F**k Aristotle [FTS Week]

Petrarch, de sua multorumque ignorantia:

I think that Aristotle was a great and learned man, but also that he was just a human, and for that reason I think that there are some things – nay, many things, which he was unable to know. I would say a little more if it be allowed by those who are better friends to sects than to the truth. I believe, and by Hercules I don’t doubt it, that he went totally off the rails not only in small matters (in which a mistake is a small and hardly dangerous thing), but even in the greatest things which bear upon the key point of our health. And though he may have discussed many things concerning felicity in the beginning and in the end of his Ethics, I will dare to say – and my detractors may shout as they like – that he was so deeply ignorant of true happiness that any pious old lady, or fisherman, or faithful pastor, or farmer would be happier, and perhaps even more subtle, in their knowledge of it.

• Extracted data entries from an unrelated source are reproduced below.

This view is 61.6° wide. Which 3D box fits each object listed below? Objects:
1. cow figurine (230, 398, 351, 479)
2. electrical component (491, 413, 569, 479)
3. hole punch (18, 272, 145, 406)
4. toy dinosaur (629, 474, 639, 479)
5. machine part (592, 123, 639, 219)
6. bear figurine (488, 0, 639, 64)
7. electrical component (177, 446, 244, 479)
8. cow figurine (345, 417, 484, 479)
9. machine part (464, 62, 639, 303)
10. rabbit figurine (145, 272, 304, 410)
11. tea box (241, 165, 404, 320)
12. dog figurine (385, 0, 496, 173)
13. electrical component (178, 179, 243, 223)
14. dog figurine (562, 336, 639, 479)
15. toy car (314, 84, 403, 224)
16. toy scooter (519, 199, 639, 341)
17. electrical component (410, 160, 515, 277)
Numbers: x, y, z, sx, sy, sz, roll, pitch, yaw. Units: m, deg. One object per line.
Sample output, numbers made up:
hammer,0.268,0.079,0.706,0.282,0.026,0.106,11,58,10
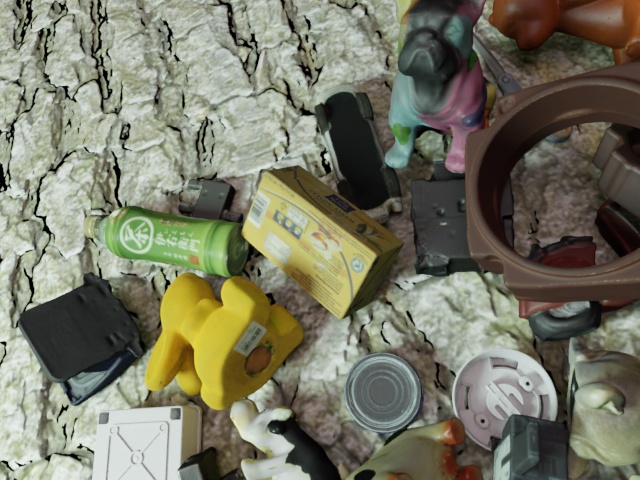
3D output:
cow figurine,-0.029,0.233,0.567,0.098,0.068,0.167,-27,70,-3
electrical component,0.179,0.187,0.451,0.048,0.119,0.075,10,51,6
hole punch,-0.291,0.127,0.669,0.116,0.092,0.142,-28,60,-31
toy dinosaur,0.380,0.248,0.407,0.405,0.131,0.192,-10,84,-14
machine part,0.378,-0.071,0.554,0.179,0.056,0.179,1,51,-1
bear figurine,0.294,-0.253,0.637,0.196,0.120,0.132,6,76,17
electrical component,-0.111,0.261,0.564,0.045,0.102,0.078,-19,77,2
cow figurine,0.048,0.240,0.490,0.127,0.195,0.085,-30,84,45
machine part,0.241,-0.048,0.497,0.202,0.087,0.201,-7,71,32
rabbit figurine,-0.127,0.108,0.628,0.173,0.121,0.162,32,90,36
tea box,-0.001,-0.002,0.623,0.170,0.068,0.098,39,122,21
dog figurine,0.133,-0.189,0.573,0.109,0.219,0.191,14,48,22
electrical component,-0.142,-0.051,0.721,0.094,0.021,0.063,13,74,18
dog figurine,0.314,0.156,0.462,0.191,0.172,0.121,4,83,22
toy car,0.046,-0.109,0.679,0.074,0.056,0.202,-16,69,1
toy scooter,0.289,0.025,0.562,0.184,0.075,0.135,-14,67,6
electrical component,0.163,-0.027,0.620,0.115,0.058,0.134,-4,70,10
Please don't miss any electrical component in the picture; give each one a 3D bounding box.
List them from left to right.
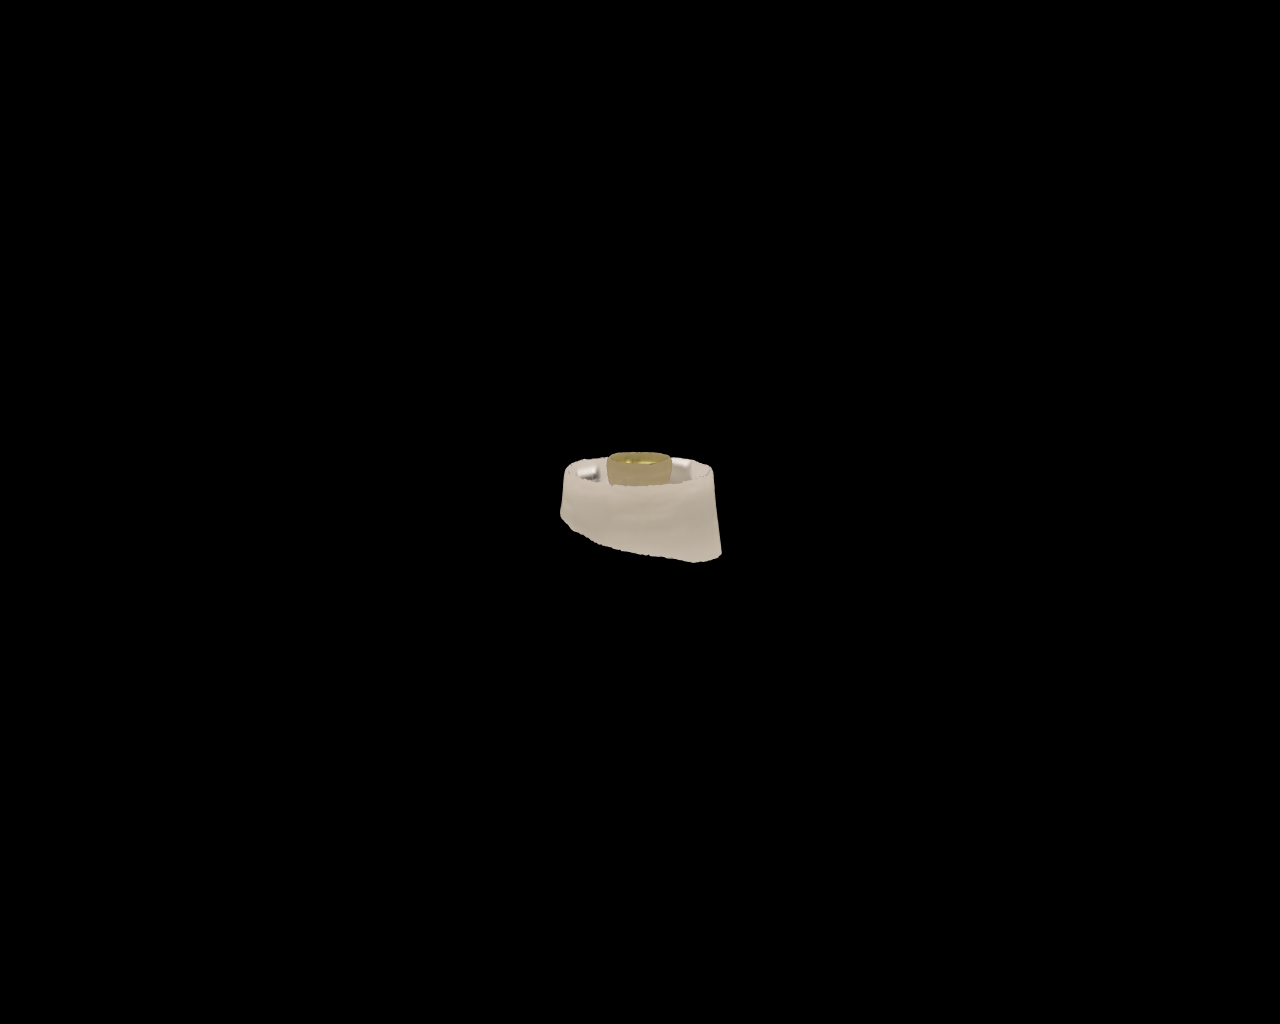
[{"bbox_3d":[0.001,-0.003,0.650,0.099,0.064,0.099,0,13,0],"label":"electrical component"}]
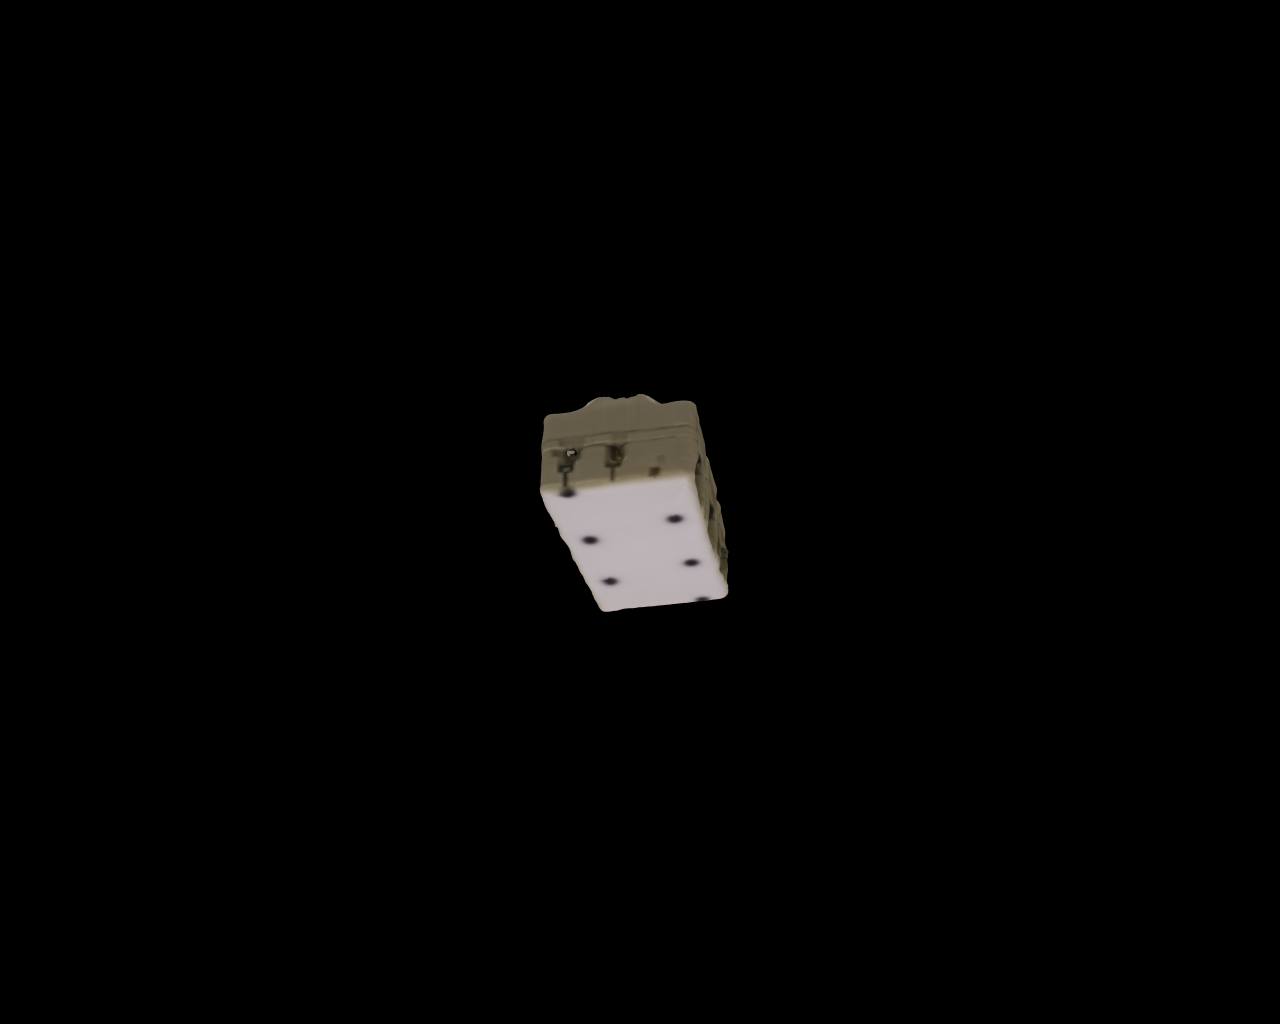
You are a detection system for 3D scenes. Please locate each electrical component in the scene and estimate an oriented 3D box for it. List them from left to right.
[{"bbox_3d":[0.001,-0.003,0.650,0.089,0.062,0.150,-6,-32,9],"label":"electrical component"}]
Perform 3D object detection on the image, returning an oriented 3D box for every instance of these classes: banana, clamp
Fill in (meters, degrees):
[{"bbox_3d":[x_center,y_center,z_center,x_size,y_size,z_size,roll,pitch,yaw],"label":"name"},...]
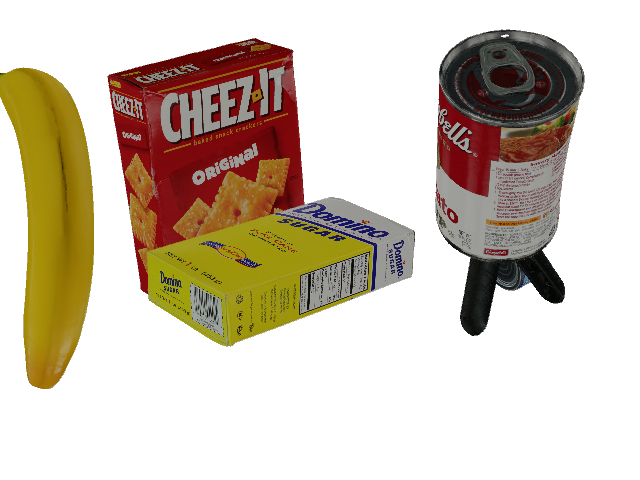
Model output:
[{"bbox_3d":[-0.152,-0.020,0.596,0.037,0.198,0.070,1,-23,-36],"label":"banana"},{"bbox_3d":[0.147,-0.005,0.908,0.120,0.171,0.039,-28,11,-40],"label":"clamp"}]

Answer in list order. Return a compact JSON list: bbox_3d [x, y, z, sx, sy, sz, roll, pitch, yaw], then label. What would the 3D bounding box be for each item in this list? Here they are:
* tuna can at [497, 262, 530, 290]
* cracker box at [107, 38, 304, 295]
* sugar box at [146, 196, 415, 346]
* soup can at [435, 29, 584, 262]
[{"bbox_3d":[0.215,0.014,1.223,0.033,0.086,0.086,-26,10,-21],"label":"tuna can"},{"bbox_3d":[-0.097,-0.064,0.994,0.163,0.214,0.072,-22,31,-34],"label":"cracker box"},{"bbox_3d":[-0.025,0.016,0.764,0.175,0.048,0.093,-21,33,-37],"label":"sugar box"},{"bbox_3d":[0.093,-0.046,0.541,0.068,0.068,0.102,0,-41,4],"label":"soup can"}]
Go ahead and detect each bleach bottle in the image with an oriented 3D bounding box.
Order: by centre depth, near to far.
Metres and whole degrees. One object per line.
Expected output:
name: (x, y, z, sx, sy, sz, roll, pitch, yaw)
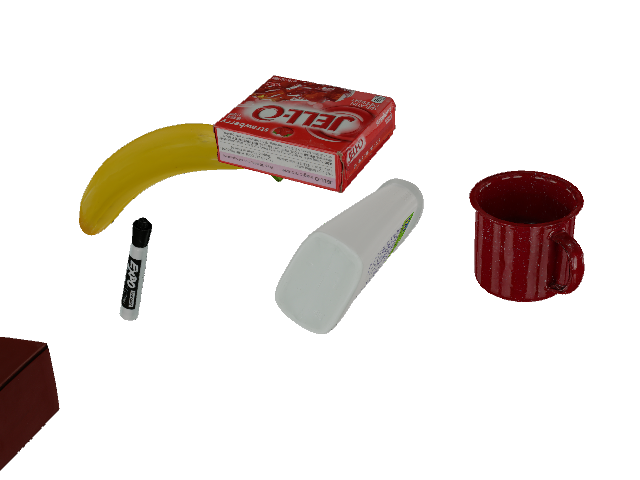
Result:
bleach bottle: (0.046, 0.000, 1.072, 0.068, 0.103, 0.250, 35, 28, 9)

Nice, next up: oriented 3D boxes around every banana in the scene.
banana: (-0.125, -0.051, 0.834, 0.198, 0.069, 0.037, -13, 21, 29)

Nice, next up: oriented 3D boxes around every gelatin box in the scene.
gelatin box: (-0.009, -0.068, 0.652, 0.089, 0.030, 0.073, 15, 39, 25)

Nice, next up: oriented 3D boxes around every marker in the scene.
marker: (-0.183, 0.029, 1.061, 0.020, 0.121, 0.020, 10, 35, -7)

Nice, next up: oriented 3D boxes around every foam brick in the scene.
foam brick: (-0.211, 0.103, 0.675, 0.053, 0.051, 0.078, 6, 29, 22)

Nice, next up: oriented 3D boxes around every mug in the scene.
mug: (0.178, 0.003, 0.894, 0.093, 0.081, 0.117, -21, 36, -25)
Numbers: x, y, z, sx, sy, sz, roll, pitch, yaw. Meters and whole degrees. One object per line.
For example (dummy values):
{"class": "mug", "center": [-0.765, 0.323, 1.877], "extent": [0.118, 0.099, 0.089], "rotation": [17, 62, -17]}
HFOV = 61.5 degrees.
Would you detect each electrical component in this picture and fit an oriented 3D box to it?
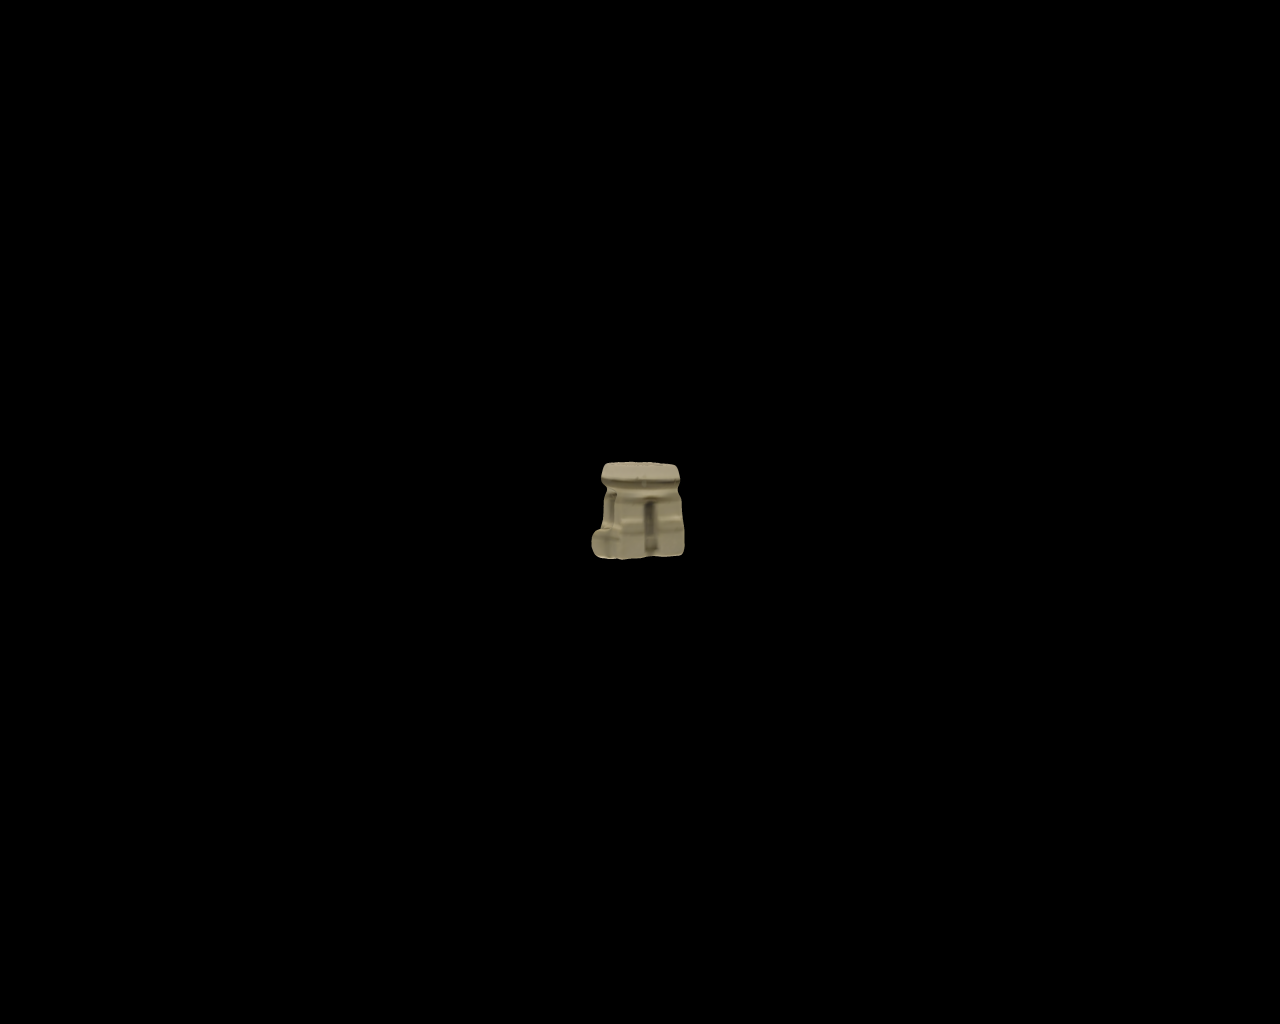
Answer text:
{"class": "electrical component", "center": [0.001, -0.003, 0.650], "extent": [0.066, 0.055, 0.048], "rotation": [-3, 8, -22]}

Ego vero magnum quendam virum ac multiscium Aristotilem, sed fuisse hominem, et idcirco aliqua, imo et multa nescire potuisse arbitror; plus dicam, si per istos liceat non tam veri amicos quam sectarum: credo hercle, nec dubito, illum non in rebus tantum parvis, quarum parvus et minime periculosus est error, sed in maximis et spectantibus ad salutis summam aberrasse tota, ut aiunt, via. Et licet multa Ethicorum in principio et in fine de felicitate tractaverit, audebo dicere — clament ut libuerit censores mei — veram illum felicitatem sic penitus ignorasse, ut in eius cognitione, non dico subtilior, sed felicior fuerit vel quelibet anus pia, vel piscator pastorve fidelis, vel agricola.